Some compiler flags control the use of functions such as logarithm, exponential, and
trig functions. (--use_fast_math
and the booleans --ftz=
, --prec-div=
,
--prec-sqrt=
which change treatment of denormals and the precision of
division and square roots).
CUDA profiler. Hands-on experience.
Smoothing an image (averaging each pixel with its immediate neighbors).
To help reduce timing fluctuations, we launch the kernel 3 times and average the time. An extra kernel launch before the timing removes the kernel loading time.
Source: routines to load/save PAM files, source code
Timing on a GeForce 9600M GT: 57ms.
(Timings are for a 664x1024 RGB image).
Threads in the same block use much of the same data. We can preload all data in shared memory and thus load each pixel data once.
Source: routines to load/save PAM files, source code
Timing on a GeForce 9600M GT: 19ms.
We have a 3x speed-up.
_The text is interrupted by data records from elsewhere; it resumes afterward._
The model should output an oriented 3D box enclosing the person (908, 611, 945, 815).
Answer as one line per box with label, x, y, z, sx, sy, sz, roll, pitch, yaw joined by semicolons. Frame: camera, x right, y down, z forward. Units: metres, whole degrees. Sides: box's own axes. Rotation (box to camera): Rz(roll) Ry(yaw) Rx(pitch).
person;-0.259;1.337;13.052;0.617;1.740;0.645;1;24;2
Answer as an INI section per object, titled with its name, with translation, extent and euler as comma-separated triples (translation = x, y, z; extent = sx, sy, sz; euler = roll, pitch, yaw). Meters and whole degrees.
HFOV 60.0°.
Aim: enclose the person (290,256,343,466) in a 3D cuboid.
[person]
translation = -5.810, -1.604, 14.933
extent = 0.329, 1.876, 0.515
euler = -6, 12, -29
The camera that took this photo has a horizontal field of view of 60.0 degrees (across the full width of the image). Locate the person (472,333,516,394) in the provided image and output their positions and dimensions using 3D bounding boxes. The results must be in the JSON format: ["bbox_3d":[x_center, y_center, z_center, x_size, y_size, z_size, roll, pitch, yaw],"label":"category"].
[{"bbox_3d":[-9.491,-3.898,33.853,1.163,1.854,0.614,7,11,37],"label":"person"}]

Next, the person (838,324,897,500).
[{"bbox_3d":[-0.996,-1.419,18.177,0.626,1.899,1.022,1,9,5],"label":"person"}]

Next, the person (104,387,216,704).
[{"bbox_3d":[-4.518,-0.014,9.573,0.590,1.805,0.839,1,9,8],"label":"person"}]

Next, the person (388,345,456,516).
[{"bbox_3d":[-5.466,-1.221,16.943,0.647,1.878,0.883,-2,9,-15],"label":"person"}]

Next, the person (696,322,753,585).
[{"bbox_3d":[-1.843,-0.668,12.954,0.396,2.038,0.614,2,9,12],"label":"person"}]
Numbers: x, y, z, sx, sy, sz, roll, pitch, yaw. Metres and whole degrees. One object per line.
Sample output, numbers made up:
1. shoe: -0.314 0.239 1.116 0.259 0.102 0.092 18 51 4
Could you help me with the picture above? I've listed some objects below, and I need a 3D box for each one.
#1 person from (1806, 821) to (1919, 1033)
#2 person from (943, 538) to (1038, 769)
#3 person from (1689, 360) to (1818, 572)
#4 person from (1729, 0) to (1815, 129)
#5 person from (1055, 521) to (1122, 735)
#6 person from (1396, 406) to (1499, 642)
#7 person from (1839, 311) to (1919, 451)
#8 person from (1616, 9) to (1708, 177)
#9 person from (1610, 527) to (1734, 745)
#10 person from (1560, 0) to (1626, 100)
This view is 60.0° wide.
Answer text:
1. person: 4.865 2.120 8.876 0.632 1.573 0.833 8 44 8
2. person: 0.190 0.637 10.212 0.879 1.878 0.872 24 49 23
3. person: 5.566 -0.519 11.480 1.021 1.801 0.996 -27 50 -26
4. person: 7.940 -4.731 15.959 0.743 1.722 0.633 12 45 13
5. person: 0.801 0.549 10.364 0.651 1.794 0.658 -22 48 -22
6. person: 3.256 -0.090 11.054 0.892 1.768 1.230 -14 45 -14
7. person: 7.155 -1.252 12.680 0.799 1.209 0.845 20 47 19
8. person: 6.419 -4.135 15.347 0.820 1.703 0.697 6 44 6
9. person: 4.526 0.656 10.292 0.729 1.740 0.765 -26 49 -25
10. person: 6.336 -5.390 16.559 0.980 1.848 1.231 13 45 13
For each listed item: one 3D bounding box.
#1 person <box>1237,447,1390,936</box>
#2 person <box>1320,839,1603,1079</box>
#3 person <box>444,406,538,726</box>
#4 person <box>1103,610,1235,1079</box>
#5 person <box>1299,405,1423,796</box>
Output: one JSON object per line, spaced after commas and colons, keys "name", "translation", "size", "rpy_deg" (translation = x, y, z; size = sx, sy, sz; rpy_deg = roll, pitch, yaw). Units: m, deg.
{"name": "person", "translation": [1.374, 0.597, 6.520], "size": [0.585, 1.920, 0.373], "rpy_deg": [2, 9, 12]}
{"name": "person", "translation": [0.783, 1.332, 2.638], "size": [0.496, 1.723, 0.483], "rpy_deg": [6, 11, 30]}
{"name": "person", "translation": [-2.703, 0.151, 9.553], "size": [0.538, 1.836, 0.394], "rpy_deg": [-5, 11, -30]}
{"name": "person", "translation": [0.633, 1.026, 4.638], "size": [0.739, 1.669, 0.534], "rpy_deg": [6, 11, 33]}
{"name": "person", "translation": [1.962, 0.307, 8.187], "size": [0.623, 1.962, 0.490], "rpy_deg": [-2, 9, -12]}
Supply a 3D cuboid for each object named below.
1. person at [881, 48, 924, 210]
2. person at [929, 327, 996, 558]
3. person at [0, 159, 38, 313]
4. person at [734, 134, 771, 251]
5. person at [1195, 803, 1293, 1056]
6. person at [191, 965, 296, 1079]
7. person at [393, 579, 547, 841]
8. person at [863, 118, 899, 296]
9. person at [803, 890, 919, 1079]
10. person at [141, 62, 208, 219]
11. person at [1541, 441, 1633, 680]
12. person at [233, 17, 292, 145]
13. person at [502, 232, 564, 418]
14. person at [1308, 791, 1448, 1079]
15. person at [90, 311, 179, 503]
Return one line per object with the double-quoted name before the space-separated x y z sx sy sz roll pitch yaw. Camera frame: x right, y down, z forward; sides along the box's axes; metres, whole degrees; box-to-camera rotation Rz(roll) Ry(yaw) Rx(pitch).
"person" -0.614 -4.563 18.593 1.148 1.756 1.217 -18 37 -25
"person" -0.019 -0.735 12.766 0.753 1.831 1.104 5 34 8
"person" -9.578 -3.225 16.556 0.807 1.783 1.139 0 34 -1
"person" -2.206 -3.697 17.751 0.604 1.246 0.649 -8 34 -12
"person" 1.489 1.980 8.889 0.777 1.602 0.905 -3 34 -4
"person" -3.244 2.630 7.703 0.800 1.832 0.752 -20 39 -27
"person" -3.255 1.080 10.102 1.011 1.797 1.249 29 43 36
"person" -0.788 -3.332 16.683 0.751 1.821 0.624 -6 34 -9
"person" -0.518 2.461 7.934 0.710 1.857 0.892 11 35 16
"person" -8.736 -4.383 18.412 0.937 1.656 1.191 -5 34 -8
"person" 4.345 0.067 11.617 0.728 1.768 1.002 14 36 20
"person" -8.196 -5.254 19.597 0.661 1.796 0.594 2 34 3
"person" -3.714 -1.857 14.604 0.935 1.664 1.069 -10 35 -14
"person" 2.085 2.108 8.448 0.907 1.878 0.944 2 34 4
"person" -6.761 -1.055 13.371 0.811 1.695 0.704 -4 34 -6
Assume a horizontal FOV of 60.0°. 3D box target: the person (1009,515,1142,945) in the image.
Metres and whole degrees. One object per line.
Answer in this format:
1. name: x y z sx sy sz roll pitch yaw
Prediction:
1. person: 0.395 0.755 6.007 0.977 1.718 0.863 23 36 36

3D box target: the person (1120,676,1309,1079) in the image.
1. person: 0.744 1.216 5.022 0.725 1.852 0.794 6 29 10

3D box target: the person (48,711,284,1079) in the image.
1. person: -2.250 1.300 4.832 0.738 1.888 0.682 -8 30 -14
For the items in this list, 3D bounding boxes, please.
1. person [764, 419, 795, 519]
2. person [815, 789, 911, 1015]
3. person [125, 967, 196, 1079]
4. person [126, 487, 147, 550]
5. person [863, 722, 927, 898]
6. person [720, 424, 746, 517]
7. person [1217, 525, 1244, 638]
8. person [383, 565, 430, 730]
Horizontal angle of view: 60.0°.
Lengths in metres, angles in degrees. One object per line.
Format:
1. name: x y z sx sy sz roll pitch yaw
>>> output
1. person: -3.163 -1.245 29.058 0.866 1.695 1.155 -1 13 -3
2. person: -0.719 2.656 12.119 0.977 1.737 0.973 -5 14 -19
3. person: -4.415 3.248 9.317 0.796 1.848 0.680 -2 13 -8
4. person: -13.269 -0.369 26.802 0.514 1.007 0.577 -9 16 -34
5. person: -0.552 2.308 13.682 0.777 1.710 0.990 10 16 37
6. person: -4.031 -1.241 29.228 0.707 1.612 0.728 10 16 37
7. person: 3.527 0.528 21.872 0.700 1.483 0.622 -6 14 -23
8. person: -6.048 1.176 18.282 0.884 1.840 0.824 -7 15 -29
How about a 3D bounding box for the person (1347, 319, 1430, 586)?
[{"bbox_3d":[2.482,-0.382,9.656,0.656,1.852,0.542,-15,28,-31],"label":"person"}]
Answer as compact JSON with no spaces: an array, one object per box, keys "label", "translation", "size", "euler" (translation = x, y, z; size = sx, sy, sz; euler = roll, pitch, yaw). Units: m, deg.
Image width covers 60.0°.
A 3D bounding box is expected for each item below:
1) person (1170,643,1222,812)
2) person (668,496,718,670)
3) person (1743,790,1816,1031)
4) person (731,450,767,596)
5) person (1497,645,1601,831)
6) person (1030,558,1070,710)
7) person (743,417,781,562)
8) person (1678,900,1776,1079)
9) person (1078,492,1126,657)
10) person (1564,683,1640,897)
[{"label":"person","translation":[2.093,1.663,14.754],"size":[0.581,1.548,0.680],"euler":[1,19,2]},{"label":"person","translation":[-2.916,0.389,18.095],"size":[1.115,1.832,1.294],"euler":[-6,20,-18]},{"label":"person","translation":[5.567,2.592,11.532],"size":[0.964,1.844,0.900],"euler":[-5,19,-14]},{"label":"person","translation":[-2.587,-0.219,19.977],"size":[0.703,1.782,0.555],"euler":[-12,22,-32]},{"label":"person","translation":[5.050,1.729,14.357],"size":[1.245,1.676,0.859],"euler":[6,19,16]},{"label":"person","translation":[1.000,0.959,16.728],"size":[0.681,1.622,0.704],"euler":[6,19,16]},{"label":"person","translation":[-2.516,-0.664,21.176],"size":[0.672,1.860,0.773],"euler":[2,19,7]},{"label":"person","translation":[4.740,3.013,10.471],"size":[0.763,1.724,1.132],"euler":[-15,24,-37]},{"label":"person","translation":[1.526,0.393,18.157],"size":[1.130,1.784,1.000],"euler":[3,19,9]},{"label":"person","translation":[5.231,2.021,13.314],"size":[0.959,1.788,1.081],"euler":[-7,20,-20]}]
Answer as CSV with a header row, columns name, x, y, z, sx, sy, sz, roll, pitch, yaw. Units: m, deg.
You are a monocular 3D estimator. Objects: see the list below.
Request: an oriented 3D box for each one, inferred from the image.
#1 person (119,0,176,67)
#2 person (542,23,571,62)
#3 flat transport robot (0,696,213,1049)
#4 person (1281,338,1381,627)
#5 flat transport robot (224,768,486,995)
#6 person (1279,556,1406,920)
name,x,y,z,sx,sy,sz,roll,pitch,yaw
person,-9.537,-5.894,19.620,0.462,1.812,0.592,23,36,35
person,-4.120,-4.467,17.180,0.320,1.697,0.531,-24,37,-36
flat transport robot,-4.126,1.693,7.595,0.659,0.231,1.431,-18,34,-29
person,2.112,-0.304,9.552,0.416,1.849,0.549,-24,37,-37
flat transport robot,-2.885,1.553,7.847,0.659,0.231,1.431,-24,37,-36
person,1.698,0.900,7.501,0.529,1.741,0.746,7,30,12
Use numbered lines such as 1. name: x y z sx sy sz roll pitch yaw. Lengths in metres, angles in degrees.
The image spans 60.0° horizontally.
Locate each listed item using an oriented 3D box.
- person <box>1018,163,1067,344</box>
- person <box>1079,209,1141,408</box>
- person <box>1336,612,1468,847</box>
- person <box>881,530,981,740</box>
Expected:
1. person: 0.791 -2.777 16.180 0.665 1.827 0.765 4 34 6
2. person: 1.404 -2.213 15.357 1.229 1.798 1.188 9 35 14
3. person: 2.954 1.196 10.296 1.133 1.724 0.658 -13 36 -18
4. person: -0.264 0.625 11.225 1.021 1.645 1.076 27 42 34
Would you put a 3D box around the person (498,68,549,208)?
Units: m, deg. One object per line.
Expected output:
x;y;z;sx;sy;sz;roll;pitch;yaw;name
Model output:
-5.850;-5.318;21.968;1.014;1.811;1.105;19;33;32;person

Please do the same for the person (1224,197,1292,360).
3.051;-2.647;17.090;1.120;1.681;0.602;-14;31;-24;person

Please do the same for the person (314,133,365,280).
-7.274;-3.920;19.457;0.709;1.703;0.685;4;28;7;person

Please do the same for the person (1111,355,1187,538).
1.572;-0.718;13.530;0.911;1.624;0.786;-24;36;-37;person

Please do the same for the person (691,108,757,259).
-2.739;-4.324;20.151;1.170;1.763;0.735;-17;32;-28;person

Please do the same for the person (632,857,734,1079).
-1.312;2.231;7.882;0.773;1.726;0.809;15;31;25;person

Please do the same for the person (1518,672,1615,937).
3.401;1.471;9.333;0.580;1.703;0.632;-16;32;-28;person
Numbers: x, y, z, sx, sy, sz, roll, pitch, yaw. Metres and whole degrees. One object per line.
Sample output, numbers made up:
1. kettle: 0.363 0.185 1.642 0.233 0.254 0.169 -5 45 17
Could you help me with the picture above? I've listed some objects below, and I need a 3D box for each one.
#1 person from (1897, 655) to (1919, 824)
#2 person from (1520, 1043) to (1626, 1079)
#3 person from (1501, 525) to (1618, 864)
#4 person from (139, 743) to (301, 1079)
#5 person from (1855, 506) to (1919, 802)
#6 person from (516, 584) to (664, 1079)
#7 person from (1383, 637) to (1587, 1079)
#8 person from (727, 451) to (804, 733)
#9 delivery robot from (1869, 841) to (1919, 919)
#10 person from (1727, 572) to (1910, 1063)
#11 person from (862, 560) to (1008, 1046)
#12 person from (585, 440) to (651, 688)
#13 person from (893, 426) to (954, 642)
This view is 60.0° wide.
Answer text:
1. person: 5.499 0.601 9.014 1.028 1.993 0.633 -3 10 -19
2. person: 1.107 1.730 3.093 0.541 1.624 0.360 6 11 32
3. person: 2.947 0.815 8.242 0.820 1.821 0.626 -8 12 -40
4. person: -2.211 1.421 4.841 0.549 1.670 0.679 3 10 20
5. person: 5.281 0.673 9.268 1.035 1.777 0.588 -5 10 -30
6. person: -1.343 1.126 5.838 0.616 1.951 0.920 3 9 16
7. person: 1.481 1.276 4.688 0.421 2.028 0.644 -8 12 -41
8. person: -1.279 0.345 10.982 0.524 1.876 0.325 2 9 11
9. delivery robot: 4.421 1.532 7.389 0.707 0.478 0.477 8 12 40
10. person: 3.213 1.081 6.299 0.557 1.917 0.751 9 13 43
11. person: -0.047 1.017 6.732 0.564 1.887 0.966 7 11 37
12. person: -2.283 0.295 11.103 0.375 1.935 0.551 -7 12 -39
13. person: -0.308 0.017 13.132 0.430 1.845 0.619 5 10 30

The profiler shows that we have about 6 times less loads from global memory, but about 2 times more divergent branches.
The profiler shows that all reads are uncoalesced (gld coalesced
is 0). This
is because we read ushort3
data (RGB, no alpha channel). We can force the
data to be aligned optimally by padding pixel data so that it always has an
even number of channels.
Source: routines to load/save PAM files with padding, source code
Timing on a GeForce 9600M GT: 16ms.
We can still use shared memory to cache the data. However, since more memory is now used, we must use smaller blocks
Source: routines to load/save PAM files with padding, source code
Timing on a GeForce 9600M GT: 13ms.
Not all rows are properly aligned, because each row has 664 pixels. Indeed, working with the transposed image (1024x664) gives better timings: 13ms without shared memory, 12ms with shared memory.
We can align all rows properly using pitched memory allocation.
Source: routines to load/save PAM files with padding, source code
Timing on a GeForce 9600M GT: 16ms.
We can combine the previous optimization with the shared memory caching. Again, we have to reduce the block size.
Source: routines to load/save PAM files with padding, source code
Timing on a GeForce 9600M GT: 12ms.
There are a number of possible approaches to loading data into shared memory. The one shown in the mentioned files (load central block, load borders) is not the most efficient.
Animated graph: shared memory loading pattern
The timings on these examples are done on a GeForce 9600M GT, which has capability 1.1 and therefore the worst possible coalescing capability. On different hardware, different strategies would be more appropriate.
Optimizing memory access on lower hardware gives a much more significant benefit than relying on shared memory for caching. On 2.0 hardware and higher, we would not try using the shared memory at all, and expoit the L1 caching instead.